Black Celebrity: Contemporary Representations of Postbellum Athletes and Artists by Emily Ruth Rutter

Reviewed by Philip Wedge, University of Kansas

Emily Ruth Rutter has written a fascinating monograph as part of the “Performing Celebrity” Series from University of Delaware Press, which is publishing works in “the emerging field of celebrity studies” (Rutter ii). Black Celebrity examines six contemporary creative works of poetry and fiction, three of which focus on post-bellum sports stars, two on boxer Jack Johnson and one on jockey Isaac Murphy; and three of which focus on performing artists, including pianist Thomas Greene Wiggins (“Blind Tom”), stage artists Bert Williams and George Walker, and other black performers of the Postbellum era.

   Rutter dedicates a chapter to each creative work: two poetry collections focused on Jack Johnson, Kevin Young’s To Repel Ghosts: the Remix from the Original Masters (2005) and Adrian Matejka’s The Big Smoke (2013); Frank X. Walker’s poetry collection Isaac Murphy: I Dedicate This Ride (2010); Caryl Phillips’s novel Dancing in the Dark (2005); Jeffrey Renard Allen’s novel Song of the Shank (2014); and Tyehimba Jess’s poetry collection Olio (2016). In each chapter, Rutter examines how these creative works allow contemporary writers to interrogate past representations of these postbellum celebrities and to explore aspects of their inner lives, motivations, and relationships that writers of that time—journalists, novelists, biographers, and archivists— did not have access to or chore to ignore. Rutter’s approach to these texts through textual analysis with reference to archival representations is similar to her excellent approach to literary works on Black baseball players in her important Invisible Ball of Dreams: Literary Representations of Baseball behind the Color Line (2018).

   As Rutter explains in her introduction, “Portraits of Fame, or, The Past as Blueprint for the Present,” she utilizes Jacques Rancière’s conceptions of heresy and dissensus to “read these poets’ and novelists’ juxtapositions of archival materials with imaginative representations of historical artists and athletes” (Rutter 12). But she also weaves into her discussion a wide range of writers as well as recent sports and artistic Black celebrities, to interrogate how much and how little white readers/spectators continue to view/consume black performers through racist lenses. In Young’s poem, “Black Jack (B. 31 March 1887),” for example, Rutter observes that Young inverts “the white gaze in order to voice Johnson’s imagined understanding of the multiple and conflicting ways he is seen and understood: . . .. ‘I am black & they /won’t let me forget it.’” (Rutter 34). According to Rutter, Young has captured “what W. E. B. Dubois terms ‘double consciousness’” and “implies Johnson’s deep awareness of the denigrating stereotypes projected on him” (Rutter 34).
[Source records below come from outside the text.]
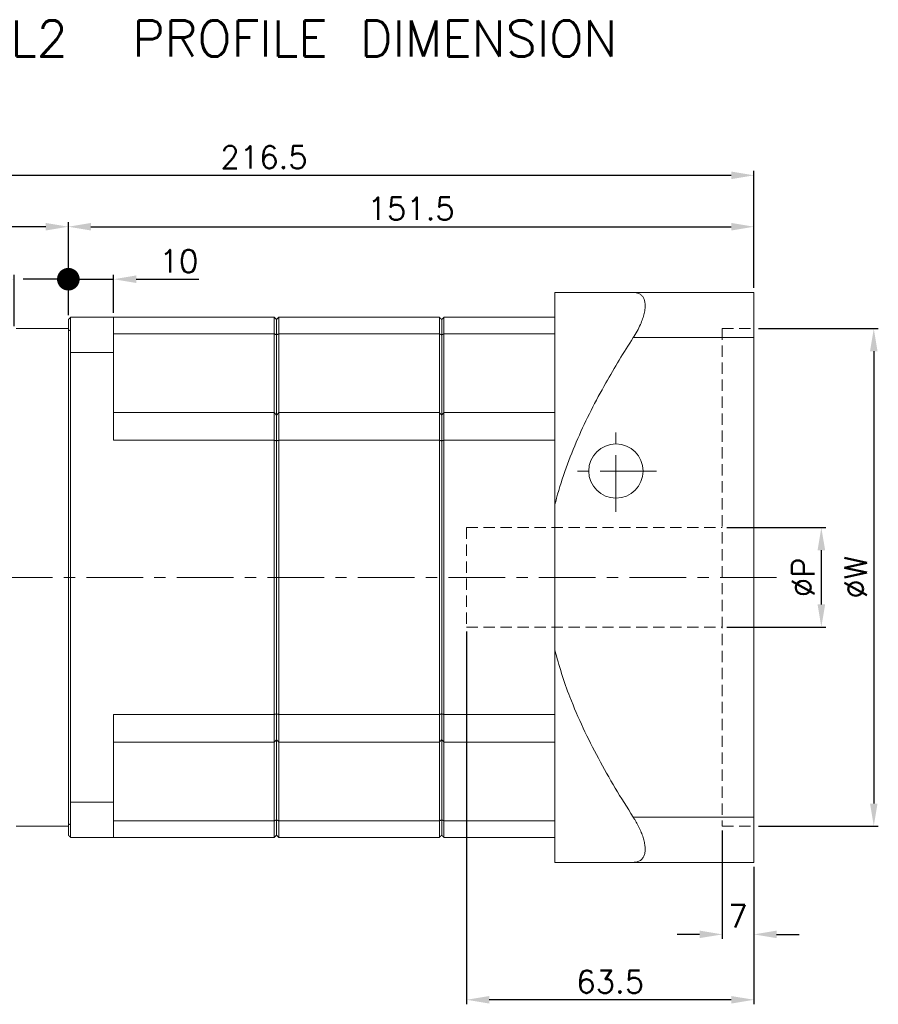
# Model space of a CAD drawing. Extents: x 121 to 713, y 20 to 267.
# Tile 2 of 5: x 373 to 563, y 20 to 237. Entities that reach past the tile are written whole.
import ezdxf

# ---------------------------------------------------------------- set-up
doc = ezdxf.new("R2010")
doc.units = 0
doc.header["$LTSCALE"] = 10
doc.header["$MEASUREMENT"] = 0
doc.header["$PDMODE"] = 3
doc.header["$PDSIZE"] = 6
doc.linetypes.add('CENTER', pattern=[2, 1.25, -0.25, 0.25, -0.25])
doc.linetypes.add('HIDDEN', pattern=[0.375, 0.25, -0.125])
doc.layers.get('0').update_dxf_attribs({"linetype": 'CONTINUOUS'})
doc.layers.get('DEFPOINTS').update_dxf_attribs({"linetype": 'CONTINUOUS'})
for name, color, linetype, lineweight in [('CEN', 1, 'CENTER', 15), ('DIM', 4, 'CONTINUOUS', 15), ('h', 2, 'HIDDEN', 15)]:
    doc.layers.add(name, color=color, linetype=linetype, lineweight=lineweight)
doc.styles.get("Standard").update_dxf_attribs({"font": 'TXT.shx', "bigfont": 'chineset.shx'})
doc.dimstyles.get("Standard").update_dxf_attribs({"dimtxt": 5, "dimasz": 5, "dimexe": 1, "dimexo": 1, "dimgap": 1.5, "dimtad": 1, "dimdsep": 46, "dimtxsty": 'Standard', "dimcen": 0, "dimadec": 1, "dimazin": 2, "dimtfac": 1, "dimtofl": 0, "dimtmove": 0, "dimatfit": 3, "dimfxl": 1, "dimtolj": 1, "dimtzin": 0, "dimarcsym": 0})

# ---------------------------------------------------------------- blocks, each defined once
blk = doc.blocks.new('*D1')
at = {"layer": 'DEFPOINTS', "color": 0, "transparency": 16777216}
for p in [(318.63, 191.51), (383.63, 170.99), (318.63, 128.99)]:
    blk.add_point(p, dxfattribs=at)
at = {"layer": 'DIM', "color": 0, "lineweight": -2, "transparency": 16777216}
for p, q in [((318.63, 129.99), (318.63, 192.51)), ((383.63, 171.99), (383.63, 192.51)), ((378.63, 191.51), (323.63, 191.51))]:
    blk.add_line(p, q, dxfattribs=at)
at = {"layer": 'DIM', "color": 0, "transparency": 16777216}
for points in [[(323.63, 192.34), (323.63, 190.67), (318.63, 191.51)], [(378.63, 192.34), (378.63, 190.67), (383.63, 191.51)]]:
    blk.add_solid(points, dxfattribs=at)
at = {"layer": 'DIM', "color": 0, "transparency": 16777216, "insert": (351.13, 195.51), "char_height": 5, "attachment_point": 5}
blk.add_mtext('\\A1;65', dxfattribs=at)
blk = doc.blocks.new('_Dot')
at = {"color": 0, "linetype": 'ByBlock', "lineweight": -2}
blk.add_line((-0.5, 0), (-1, 0), dxfattribs=at)
at = {"color": 0, "linetype": 'ByBlock', "const_width": 0.5}
blk.add_lwpolyline([(-0.25, 0, 1), (0.25, 0, 1)], format="xyb", close=True, dxfattribs=at)
blk = doc.blocks.new('*D2')
at = {"layer": 'DEFPOINTS', "color": 0, "transparency": 16777216}
for p in [(371.63, 179.9), (383.63, 170.99), (371.63, 168.49)]:
    blk.add_point(p, dxfattribs=at)
at = {"layer": 'DIM', "color": 0, "lineweight": -2, "transparency": 16777216}
for p, q in [((371.63, 169.49), (371.63, 180.9)), ((383.63, 171.99), (383.63, 180.9)), ((366.63, 179.9), (351.96, 179.9)), ((388.63, 179.9), (393.63, 179.9))]:
    blk.add_line(p, q, dxfattribs=at)
at = {"layer": 'DIM', "color": 0, "transparency": 16777216}
blk.add_solid([(366.63, 180.74), (366.63, 179.07), (371.63, 179.9)], dxfattribs=at)
at = {"layer": 'DIM', "color": 0, "lineweight": -2, "transparency": 16777216, "xscale": 5, "yscale": 5, "zscale": 5, "rotation": 180}
blk.add_blockref('_Dot', (383.63, 179.9), dxfattribs=at)
at = {"layer": 'DIM', "color": 0, "transparency": 16777216, "insert": (356.8, 183.9), "char_height": 5, "attachment_point": 5}
blk.add_mtext('\\A1;12', dxfattribs=at)
blk = doc.blocks.new('*D3')
at = {"layer": 'DEFPOINTS', "color": 0, "transparency": 16777216}
for p in [(393.63, 179.9), (383.63, 170.99), (393.63, 171.49)]:
    blk.add_point(p, dxfattribs=at)
at = {"layer": 'DIM', "color": 0, "lineweight": -2, "transparency": 16777216}
for p, q in [((383.63, 171.99), (383.63, 180.9)), ((393.63, 172.49), (393.63, 180.9)), ((378.63, 179.9), (373.63, 179.9)), ((398.63, 179.9), (412.46, 179.9))]:
    blk.add_line(p, q, dxfattribs=at)
at = {"layer": 'DIM', "color": 0, "transparency": 16777216}
blk.add_solid([(398.63, 180.74), (398.63, 179.07), (393.63, 179.9)], dxfattribs=at)
at = {"layer": 'DIM', "color": 0, "lineweight": -2, "transparency": 16777216, "xscale": 5, "yscale": 5, "zscale": 5}
blk.add_blockref('_Dot', (383.63, 179.9), dxfattribs=at)
at = {"layer": 'DIM', "color": 0, "transparency": 16777216, "insert": (408.05, 183.9), "char_height": 5, "attachment_point": 5}
blk.add_mtext('\\A1;10', dxfattribs=at)
blk = doc.blocks.new('*D4')
at = {"layer": 'DEFPOINTS', "color": 0, "transparency": 16777216}
for p in [(535.13, 191.51), (535.13, 176.99), (383.63, 170.99)]:
    blk.add_point(p, dxfattribs=at)
at = {"layer": 'DIM', "color": 0, "lineweight": -2, "transparency": 16777216}
for p, q in [((383.63, 171.99), (383.63, 192.51)), ((535.13, 177.99), (535.13, 192.51)), ((388.63, 191.51), (530.13, 191.51))]:
    blk.add_line(p, q, dxfattribs=at)
at = {"layer": 'DIM', "color": 0, "transparency": 16777216}
for points in [[(388.63, 192.34), (388.63, 190.67), (383.63, 191.51)], [(530.13, 192.34), (530.13, 190.67), (535.13, 191.51)]]:
    blk.add_solid(points, dxfattribs=at)
at = {"layer": 'DIM', "color": 0, "transparency": 16777216, "insert": (459.38, 195.51), "char_height": 5, "attachment_point": 5}
blk.add_mtext('\\A1;151.5', dxfattribs=at)
blk = doc.blocks.new('*D5')
at = {"layer": 'DEFPOINTS', "color": 0, "transparency": 16777216}
for p in [(535.13, 202.87), (535.13, 176.99), (318.63, 128.99)]:
    blk.add_point(p, dxfattribs=at)
at = {"layer": 'DIM', "color": 0, "lineweight": -2, "transparency": 16777216}
for p, q in [((318.63, 129.99), (318.63, 203.87)), ((323.63, 202.87), (530.13, 202.87)), ((535.13, 177.99), (535.13, 203.87))]:
    blk.add_line(p, q, dxfattribs=at)
at = {"layer": 'DIM', "color": 0, "transparency": 16777216}
for points in [[(323.63, 203.71), (323.63, 202.04), (318.63, 202.87)], [(530.13, 203.71), (530.13, 202.04), (535.13, 202.87)]]:
    blk.add_solid(points, dxfattribs=at)
at = {"layer": 'DIM', "color": 0, "transparency": 16777216, "insert": (426.88, 206.87), "char_height": 5, "attachment_point": 5}
blk.add_mtext('\\A1;216.5', dxfattribs=at)
blk = doc.blocks.new('*D8')
at = {"layer": 'DEFPOINTS', "color": 0, "transparency": 16777216}
for p in [(528.13, 124.99), (528.13, 102.99), (550.02, 102.99)]:
    blk.add_point(p, dxfattribs=at)
at = {"layer": 'DIM', "color": 0, "lineweight": -2, "transparency": 16777216}
for p, q in [((529.13, 124.99), (551.02, 124.99)), ((550.02, 119.99), (550.02, 107.99)), ((529.13, 102.99), (551.02, 102.99))]:
    blk.add_line(p, q, dxfattribs=at)
at = {"layer": 'DIM', "color": 0, "transparency": 16777216}
for points in [[(549.19, 119.99), (550.86, 119.99), (550.02, 124.99)], [(549.19, 107.99), (550.86, 107.99), (550.02, 102.99)]]:
    blk.add_solid(points, dxfattribs=at)
at = {"layer": 'DIM', "color": 0, "transparency": 16777216, "insert": (546.02, 113.99), "char_height": 5, "attachment_point": 5, "rotation": 90}
blk.add_mtext('\\A1;%%CP', dxfattribs=at)
blk = doc.blocks.new('*D9')
at = {"layer": 'DEFPOINTS', "color": 0, "transparency": 16777216}
for p in [(535.13, 168.99), (535.13, 58.99), (561.61, 58.99)]:
    blk.add_point(p, dxfattribs=at)
at = {"layer": 'DIM', "color": 0, "lineweight": -2, "transparency": 16777216}
for p, q in [((536.13, 168.99), (562.61, 168.99)), ((561.61, 163.99), (561.61, 63.99)), ((536.13, 58.99), (562.61, 58.99))]:
    blk.add_line(p, q, dxfattribs=at)
at = {"layer": 'DIM', "color": 0, "transparency": 16777216}
for points in [[(560.78, 163.99), (562.44, 163.99), (561.61, 168.99)], [(560.78, 63.99), (562.44, 63.99), (561.61, 58.99)]]:
    blk.add_solid(points, dxfattribs=at)
at = {"layer": 'DIM', "color": 0, "transparency": 16777216, "insert": (557.61, 113.99), "char_height": 5, "attachment_point": 5, "rotation": 90}
blk.add_mtext('\\A1;%%CW', dxfattribs=at)
blk = doc.blocks.new('*D10')
at = {"layer": 'DEFPOINTS', "color": 0, "transparency": 16777216}
for p in [(528.13, 58.99), (535.13, 50.99), (535.13, 35.06)]:
    blk.add_point(p, dxfattribs=at)
at = {"layer": 'DIM', "color": 0, "lineweight": -2, "transparency": 16777216}
for p, q in [((528.13, 57.99), (528.13, 34.06)), ((535.13, 49.99), (535.13, 34.06)), ((523.13, 35.06), (518.13, 35.06)), ((540.13, 35.06), (545.13, 35.06))]:
    blk.add_line(p, q, dxfattribs=at)
at = {"layer": 'DIM', "color": 0, "transparency": 16777216}
for points in [[(523.13, 35.89), (523.13, 34.23), (528.13, 35.06)], [(540.13, 35.89), (540.13, 34.23), (535.13, 35.06)]]:
    blk.add_solid(points, dxfattribs=at)
at = {"layer": 'DIM', "color": 0, "transparency": 16777216, "insert": (531.63, 39.06), "char_height": 5, "attachment_point": 5}
blk.add_mtext('\\A1;7', dxfattribs=at)
blk = doc.blocks.new('*D11')
at = {"layer": 'DEFPOINTS', "color": 0, "transparency": 16777216}
for p in [(471.63, 102.99), (535.13, 50.99), (471.63, 20.6)]:
    blk.add_point(p, dxfattribs=at)
at = {"layer": 'DIM', "color": 0, "lineweight": -2, "transparency": 16777216}
for p, q in [((471.63, 101.99), (471.63, 19.6)), ((535.13, 49.99), (535.13, 19.6)), ((530.13, 20.6), (476.63, 20.6))]:
    blk.add_line(p, q, dxfattribs=at)
at = {"layer": 'DIM', "color": 0, "transparency": 16777216}
for points in [[(476.63, 21.43), (476.63, 19.77), (471.63, 20.6)], [(530.13, 21.43), (530.13, 19.77), (535.13, 20.6)]]:
    blk.add_solid(points, dxfattribs=at)
at = {"layer": 'DIM', "color": 0, "transparency": 16777216, "insert": (503.38, 24.6), "char_height": 5, "attachment_point": 5}
blk.add_mtext('\\A1;63.5', dxfattribs=at)

msp = doc.modelspace()

# ---------------------------------------------------------------- linework, layer by layer
at = {"color": 7, "linetype": 'Continuous', "lineweight": 15}
for p, q in [((491.13, 176.988), (491.13, 171.488)), ((508.459, 176.988), (535.13, 176.988)), ((535.13, 176.988), (535.13, 166.988)), ((383.63, 163.498), (383.63, 170.988)), ((384.13, 171.488), (384.13, 163.684)), ((393.63, 171.488), (384.13, 171.488)), ((393.63, 171.488), (393.63, 163.684)), ((429.13, 171.488), (393.63, 171.488)), ((429.13, 167.82), (429.13, 171.488)), ((429.63, 167.607), (429.63, 170.988)), ((429.63, 170.988), (429.63, 167.607)), ((465.63, 171.488), (430.13, 171.488)), ((430.13, 171.488), (430.13, 167.82)), ((465.63, 167.82), (465.63, 171.488)), ((466.13, 167.607), (466.13, 170.988)), ((466.13, 170.988), (466.13, 167.607)), ((466.63, 171.488), (466.63, 167.82)), ((491.13, 171.488), (466.63, 171.488)), ((491.13, 167.82), (491.13, 171.488)), ((393.63, 167.82), (429.13, 167.82)), ((429.13, 150.417), (429.13, 167.82)), ((430.13, 167.82), (430.13, 150.417)), ((430.13, 167.82), (465.63, 167.82)), ((465.63, 150.417), (465.63, 167.82)), ((466.63, 167.82), (466.63, 150.417)), ((491.13, 167.82), (466.63, 167.82)), ((491.13, 167.82), (491.13, 150.417)), ((429.63, 149.837), (429.63, 167.607)), ((429.63, 167.607), (429.63, 149.837)), ((466.13, 149.837), (466.13, 167.607)), ((466.13, 167.607), (466.13, 149.837)), ((535.13, 166.988), (508.459, 166.988)), ((535.13, 60.988), (535.13, 166.988)), ((383.63, 64.477), (383.63, 163.498)), ((384.13, 163.684), (384.13, 64.291)), ((384.13, 163.684), (393.63, 163.684)), ((393.63, 163.684), (393.63, 144.298)), ((393.63, 150.417), (429.13, 150.417)), ((429.13, 144.298), (429.13, 150.417)), ((430.13, 150.417), (430.13, 144.298)), ((430.13, 150.417), (465.63, 150.417)), ((465.63, 144.298), (465.63, 150.417)), ((466.63, 150.417), (466.63, 144.298)), ((491.13, 150.417), (466.63, 150.417)), ((491.13, 144.298), (491.13, 150.417)), ((429.63, 144.174), (429.63, 149.837)), ((429.63, 149.837), (429.63, 144.174)), ((466.13, 144.174), (466.13, 149.837)), ((466.13, 149.837), (466.13, 144.174)), ((393.63, 144.298), (429.13, 144.298)), ((429.13, 83.677), (429.13, 144.298)), ((429.63, 83.801), (429.63, 144.174)), ((429.63, 144.174), (429.63, 83.801)), ((430.13, 144.298), (430.13, 83.677)), ((430.13, 144.298), (465.63, 144.298)), ((465.63, 83.677), (465.63, 144.298)), ((466.13, 83.801), (466.13, 144.174)), ((466.13, 144.174), (466.13, 83.801)), ((466.63, 144.298), (466.63, 83.677)), ((491.13, 144.298), (466.63, 144.298)), ((491.13, 144.298), (491.13, 129.988)), ((491.13, 97.988), (491.13, 129.988)), ((491.13, 97.988), (491.13, 83.677)), ((393.63, 83.677), (393.63, 64.291)), ((429.13, 83.677), (393.63, 83.677)), ((429.13, 77.559), (429.13, 83.677)), ((429.63, 78.138), (429.63, 83.801)), ((429.63, 83.801), (429.63, 78.138)), ((465.63, 83.677), (430.13, 83.677)), ((430.13, 83.677), (430.13, 77.559)), ((465.63, 77.559), (465.63, 83.677)), ((466.13, 78.138), (466.13, 83.801)), ((466.13, 83.801), (466.13, 78.138)), ((491.13, 83.677), (466.63, 83.677)), ((466.63, 83.677), (466.63, 77.559)), ((491.13, 77.559), (491.13, 83.677)), ((393.63, 77.559), (429.13, 77.559)), ((429.13, 60.155), (429.13, 77.559)), ((429.63, 60.368), (429.63, 78.138)), ((429.63, 78.138), (429.63, 60.368)), ((430.13, 77.559), (430.13, 60.155)), ((430.13, 77.559), (465.63, 77.559)), ((465.63, 60.155), (465.63, 77.559)), ((466.13, 60.368), (466.13, 78.138)), ((466.13, 78.138), (466.13, 60.368)), ((491.13, 77.559), (466.63, 77.559)), ((466.63, 77.559), (466.63, 60.155)), ((491.13, 77.559), (491.13, 60.155)), ((383.63, 56.988), (383.63, 64.477)), ((384.13, 64.291), (384.13, 56.488)), ((393.63, 64.291), (384.13, 64.291)), ((393.63, 64.291), (393.63, 56.488)), ((508.459, 60.988), (535.13, 60.988)), ((535.13, 60.988), (535.13, 50.988)), ((393.63, 60.155), (429.13, 60.155)), ((429.13, 56.488), (429.13, 60.155)), ((429.63, 56.988), (429.63, 60.368)), ((429.63, 60.368), (429.63, 56.988)), ((430.13, 60.155), (430.13, 56.488)), ((430.13, 60.155), (465.63, 60.155)), ((465.63, 56.488), (465.63, 60.155)), ((466.13, 56.988), (466.13, 60.368)), ((466.13, 60.368), (466.13, 56.988)), ((491.13, 60.155), (466.63, 60.155)), ((466.63, 60.155), (466.63, 56.488)), ((491.13, 56.488), (491.13, 60.155)), ((384.13, 56.488), (393.63, 56.488)), ((393.63, 56.488), (429.13, 56.488)), ((430.13, 56.488), (465.63, 56.488)), ((491.13, 56.488), (466.63, 56.488)), ((491.13, 56.488), (491.13, 50.988)), ((535.13, 50.988), (508.459, 50.988))]:
    msp.add_line(p, q, dxfattribs=at)
msp.add_circle((504.63, 137.488), 6, dxfattribs=at)
for points, knots in [([(491.13, 176.988), (491.604, 176.988), (492.552, 176.988), (494.636, 176.988), (497.325, 176.988), (500.716, 176.988), (504.424, 176.988), (507.114, 176.988), (508.459, 176.988)], [0, 0, 0, 0, 0.1333357, 0.2672434, 0.4493691, 0.6315443, 0.8157614, 1, 1, 1, 1]), ([(508.459, 166.988), (508.753, 167.465), (509.34, 168.418), (510.031, 169.829), (510.551, 171.155), (510.902, 172.374), (511.086, 173.513), (511.095, 174.501), (510.941, 175.307), (510.658, 175.947), (510.244, 176.431), (509.565, 176.882), (508.898, 176.946), (508.459, 176.988)], [0, 0, 0, 0, 0.1000895, 0.2000731, 0.2846692, 0.3691966, 0.4542274, 0.5392347, 0.6155312, 0.6918615, 0.7702262, 0.8486419, 1, 1, 1, 1]), ([(508.459, 166.988), (507.414, 165.338), (505.322, 162.038), (502.192, 156.683), (499.092, 150.919), (496.125, 144.667), (493.538, 138.214), (491.961, 133.269), (491.26, 130.5), (491.13, 129.988)], [0, 0, 0, 0, 0.1427503, 0.285617, 0.4533723, 0.621099, 0.7912382, 0.9613185, 1, 1, 1, 1]), ([(491.13, 97.988), (491.604, 96.225), (492.552, 92.694), (494.636, 86.905), (497.325, 80.638), (500.716, 73.941), (504.424, 67.382), (507.114, 63.119), (508.459, 60.988)], [0, 0, 0, 0, 0.1333357, 0.2672434, 0.4493691, 0.6315443, 0.8157615, 1, 1, 1, 1]), ([(508.459, 50.988), (508.749, 51.006), (509.337, 51.044), (510.025, 51.362), (510.55, 51.86), (510.899, 52.515), (511.087, 53.361), (511.095, 54.331), (510.943, 55.388), (510.661, 56.477), (510.247, 57.624), (509.567, 59.152), (508.898, 60.26), (508.459, 60.988)], [0, 0, 0, 0, 0.0988544, 0.2000688, 0.2834948, 0.3691933, 0.4527149, 0.5392418, 0.6145121, 0.6918708, 0.7694089, 0.8486488, 1, 1, 1, 1]), ([(508.459, 50.988), (507.414, 50.988), (505.322, 50.988), (502.192, 50.988), (499.092, 50.988), (496.125, 50.988), (493.538, 50.988), (491.961, 50.988), (491.26, 50.988), (491.13, 50.988)], [0, 0, 0, 0, 0.1427504, 0.285617, 0.4533723, 0.6210991, 0.7912382, 0.9613185, 1, 1, 1, 1])]:
    msp.add_open_spline(points, degree=3, knots=knots, dxfattribs=at)
for points in [[(384.13, 171.488), (383.63, 170.988)], [(429.13, 171.488), (429.63, 170.988)], [(429.63, 170.988), (430.13, 171.488)], [(465.63, 171.488), (466.13, 170.988)], [(466.13, 170.988), (466.63, 171.488)], [(383.63, 168.988), (372.13, 168.988)], [(384.13, 168.684), (383.63, 168.498)], [(429.13, 167.82), (429.63, 167.607)], [(429.63, 167.607), (430.13, 167.82)], [(465.63, 167.82), (466.13, 167.607)], [(466.13, 167.607), (466.63, 167.82)], [(429.13, 150.417), (429.63, 149.837)], [(429.63, 149.837), (430.13, 150.417)], [(465.63, 150.417), (466.13, 149.837)], [(466.13, 149.837), (466.63, 150.417)], [(429.13, 144.298), (429.63, 144.174)], [(429.63, 144.174), (430.13, 144.298)], [(465.63, 144.298), (466.13, 144.174)], [(466.13, 144.174), (466.63, 144.298)], [(429.13, 83.677), (429.63, 83.801)], [(429.63, 83.801), (430.13, 83.677)], [(465.63, 83.677), (466.13, 83.801)], [(466.13, 83.801), (466.63, 83.677)], [(429.63, 78.138), (429.13, 77.559)], [(429.63, 78.138), (430.13, 77.559)], [(466.13, 78.138), (465.63, 77.559)], [(466.13, 78.138), (466.63, 77.559)], [(372.13, 58.988), (383.63, 58.988)], [(384.13, 59.291), (383.63, 59.477)], [(429.63, 60.368), (429.13, 60.155)], [(429.63, 60.368), (430.13, 60.155)], [(466.13, 60.368), (465.63, 60.155)], [(466.13, 60.368), (466.63, 60.155)], [(383.63, 56.988), (384.13, 56.488)], [(429.63, 56.988), (429.13, 56.488)], [(430.13, 56.488), (429.63, 56.988)], [(466.13, 56.988), (465.63, 56.488)], [(466.63, 56.488), (466.13, 56.988)]]:
    msp.add_open_spline(points, degree=1, dxfattribs=at)
at = {"layer": 'CEN'}
for p, q in [((504.63, 128.488), (504.63, 146.488)), ((513.63, 137.488), (495.63, 137.488)), ((540.13, 113.988), (313.63, 113.988))]:
    msp.add_line(p, q, dxfattribs=at)
at = {"layer": 'h'}
for p, q in [((528.13, 168.988), (528.13, 58.988)), ((528.13, 168.988), (535.13, 168.988)), ((471.63, 124.988), (528.13, 124.988)), ((471.63, 124.988), (471.63, 102.988)), ((471.63, 102.988), (528.13, 102.988)), ((528.13, 58.988), (535.13, 58.988))]:
    msp.add_line(p, q, dxfattribs=at)

# ---------------------------------------------------------------- texts
msp.add_text('PGRJ115-L2  PROFILE DIMENSION', height=8).set_placement((314.221, 229.137))

# ---------------------------------------------------------------- dimensions: what is measured, and where the dimension line sits
at = {"layer": 'DIM'}
for base, p1, p2, picture, middle in [((535.13, 202.872), (318.63, 128.988), (535.13, 176.988), '*D5', (426.88, 206.872)), ((318.63, 191.505), (383.63, 170.988), (318.63, 128.988), '*D1', (351.13, 195.505)), ((535.13, 191.505), (383.63, 170.988), (535.13, 176.988), '*D4', (459.38, 195.505)), ((471.63, 20.601), (535.13, 50.988), (471.63, 102.988), '*D11', (503.38, 24.601)), ((535.13, 35.058), (528.13, 58.988), (535.13, 50.988), '*D10', (531.63, 39.058))]:
    dim = msp.add_linear_dim(base=base, p1=p1, p2=p2, dimstyle='Standard', dxfattribs=at)
    dim.commit()
    dim.dimension.update_dxf_attribs({"geometry": picture, "text_midpoint": middle})
for base, p2, picture, middle in [((371.63, 179.902), (371.63, 168.488), '*D2', (356.797, 179.902)), ((393.63, 179.902), (393.63, 171.488), '*D3', (408.047, 179.902))]:
    dim = msp.add_linear_dim(base=base, p1=(383.63, 170.988), p2=p2, dimstyle='Standard', override={"dimblk1": 'Dot', "dimsah": 1}, dxfattribs=at)
    dim.commit()
    dim.dimension.update_dxf_attribs({"geometry": picture, "text_midpoint": middle, "dimtype": 160})
for base, p1, p2, text, picture, middle in [((561.609, 58.988), (535.13, 168.988), (535.13, 58.988), '%%CW', '*D9', (557.609, 113.988)), ((550.024, 102.988), (528.13, 124.988), (528.13, 102.988), '%%CP', '*D8', (546.024, 113.988))]:
    dim = msp.add_linear_dim(base=base, p1=p1, p2=p2, angle=90, text=text, dimstyle='Standard', dxfattribs=at)
    dim.commit()
    dim.dimension.update_dxf_attribs({"geometry": picture, "text_midpoint": middle})

doc.saveas('drawing.dxf')

   Later in her chapter on Young’s To Repel Ghosts, Rutter compares Jack Johnson’s experiences facing “Great White Hope” Jess Willard and others in the ring to Lebron James’s own “awareness of the double-edged nature of Black athletic success” when he faced ridicule from “the right-wing media” because he used his “celebrity platform to amplify the concerns of the Black Lives Matter movement” and responded by launching his three-part Showtime series Shut Up and Dribble (Rutter 37). Similarly, in examining Matejka’s poetic portraits of Jack Johnson and his lovers and wives in The Big Smoke, Rutter asserts, “In creatively recuperating Johnson alongside his wives and lovers, Matejka suggests the ways in which his postbellum experiences laid the blueprint for the experiences of today’s Black male athletes” (Rutter 78).

   I particularly enjoyed reading Rutter’s insightful analysis of Tyehimba Jess’s Olio in the concluding chapter of Black Celebrity, “Let This Belting Be Our Unbinding.” Rutter explores how, for example, in his poem “Millie McKoy & Christine McKoy Recall Meeting Blind Tom, 1877,”  Jess invites readers, to read juxtaposed lines in different ways—vertically, horizontally, and diagonally—to develop multiple meanings and add depth to the reader’s understanding of the poem’s speakers, conjoined twins exploited, like “Blind Tom ” by white managers to perform for white audiences: “Blind Tom never saw my two bodies   He could only hear the way we were joined” (Rutter 173-175).

   Over the course of Black Celebrity Rutter effectively connects the creative representations of postbellum athletes and artists such as Jack Johnson, Thomas Greene Wiggins, and the McKoy sisters with the experiences of Black athletes and artists of more recent times, from athletes such as Muhammad Ali, Kareem Abdul-Jabbar, and Tiger Woods to artists such as Beyoncé, Lil Naz X, and Donald Glover. Rutter’s ability to weave textual and cultural analysis into her examination of these literary texts makes her one of today’s most important scholars of sport literature and popular culture.

Emily Ruth Rutter. Black Celebrity: Contemporary Representations of Postbellum Athletes and Artists. University of Delaware. 2022.